# Composition of a function with itself

• Andre' Quanta
From your earlier post:If f : \mathbb{R} \to \mathbb{R} and k is real, then taking the modulus of both sides yields |f(x)| = |c|. If f is to be continuous then either f(x) = |c| or f(x) = -|c|, ie. f is constant.If instead f: \mathbb{C} \to \mathbb{C} then you might be able to find a non-constant f which satisfies that equation.In summary, the conversation discusses the possibility of studying the composition of a function f with itself as the number of compositions goes to infinity. The focus is on finding functions that can be written as a complex exponential
Andre' Quanta
Is possible to study the composition of a function f with itself when the number of compositions goes to infinity? I am interessed in the functions that can be written as a complex exponential of the function itself.

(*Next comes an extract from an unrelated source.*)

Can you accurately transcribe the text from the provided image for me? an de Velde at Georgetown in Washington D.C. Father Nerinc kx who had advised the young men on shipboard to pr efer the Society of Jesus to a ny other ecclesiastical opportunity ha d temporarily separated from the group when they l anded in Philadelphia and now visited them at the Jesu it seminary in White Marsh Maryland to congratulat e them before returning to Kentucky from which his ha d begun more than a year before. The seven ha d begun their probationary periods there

Where i can study this kind of things?

Andre' Quanta said:
Is possible to study the composition of a function f with itself when the number of compositions goes to infinity?

This is studied in dynamical systems and chaos theory.

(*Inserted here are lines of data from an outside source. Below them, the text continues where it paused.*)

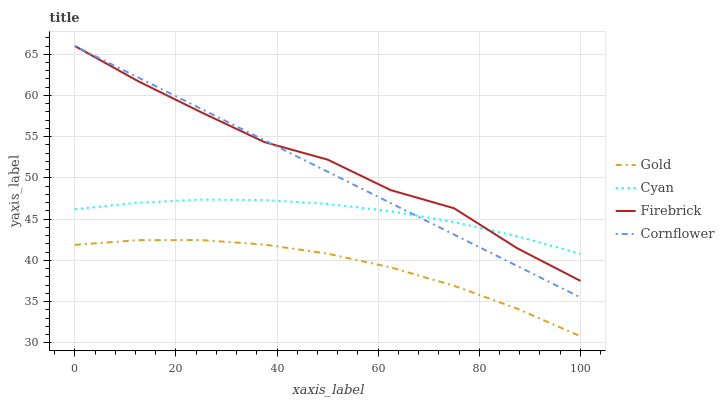Does Gold have the minimum area under the curve?
Answer yes or no. Yes. Does Firebrick have the maximum area under the curve?
Answer yes or no. Yes. Does Firebrick have the minimum area under the curve?
Answer yes or no. No. Does Gold have the maximum area under the curve?
Answer yes or no. No. Is Cornflower the smoothest?
Answer yes or no. Yes. Is Firebrick the roughest?
Answer yes or no. Yes. Is Gold the smoothest?
Answer yes or no. No. Is Gold the roughest?
Answer yes or no. No. Does Gold have the lowest value?
Answer yes or no. Yes. Does Firebrick have the lowest value?
Answer yes or no. No. Does Cornflower have the highest value?
Answer yes or no. Yes. Does Gold have the highest value?
Answer yes or no. No. Is Gold less than Cornflower?
Answer yes or no. Yes. Is Cornflower greater than Gold?
Answer yes or no. Yes. Does Cyan intersect Firebrick?
Answer yes or no. Yes. Is Cyan less than Firebrick?
Answer yes or no. No. Is Cyan greater than Firebrick?
Answer yes or no. No. Does Gold intersect Cornflower?
Answer yes or no. No.

I am interessed in the functions that can be written as a complex exponential of the function itself.

Like functions such that ##f(x) = e^{if(x)}## for each ##x##?

I am interesed in a function that can be written in this way f(x)=c*exp{i*k*x*f(x)} where c and k are costants and f is a function fom R to R and x is the variabile.
Does exist a similar function? If the answer is positive, does it have special propriety?

Andre' Quanta said:
I am interesed in a function that can be written in this way f(x)=c*exp{i*k*x*f(x)} where c and k are costants and f is a function fom R to R and x is the variabile.
Does exist a similar function? If the answer is positive, does it have special propriety?

If the function is differentiable with continuous derivative, then it must be constant, as you can see by differentiating both sides.

Why it is a costant? If i take the derivative of that expression i get a differential equation for f(x), easy to resolve only respect to x: so it doesn' t seems to me that the solution is a costant

Andre' Quanta said:
Why it is a costant? If i take the derivative of that expression i get a differential equation for f(x), easy to resolve only respect to x: so it doesn' t seems to me that the solution is a costant

Andre' Quanta said:
I am interesed in a function that can be written in this way f(x)=c*exp{i*k*x*f(x)} where c and k are costants and f is a function fom R to R and x is the variabile.
Does exist a similar function? If the answer is positive, does it have special propriety?

If $f : \mathbb{R} \to \mathbb{R}$ and $k$ is real, then taking the modulus of both sides yields $|f(x)| = |c|$. If $f$ is to be continuous then either $f(x) = |c|$ or $f(x) = -|c|$, ie. $f$ is constant.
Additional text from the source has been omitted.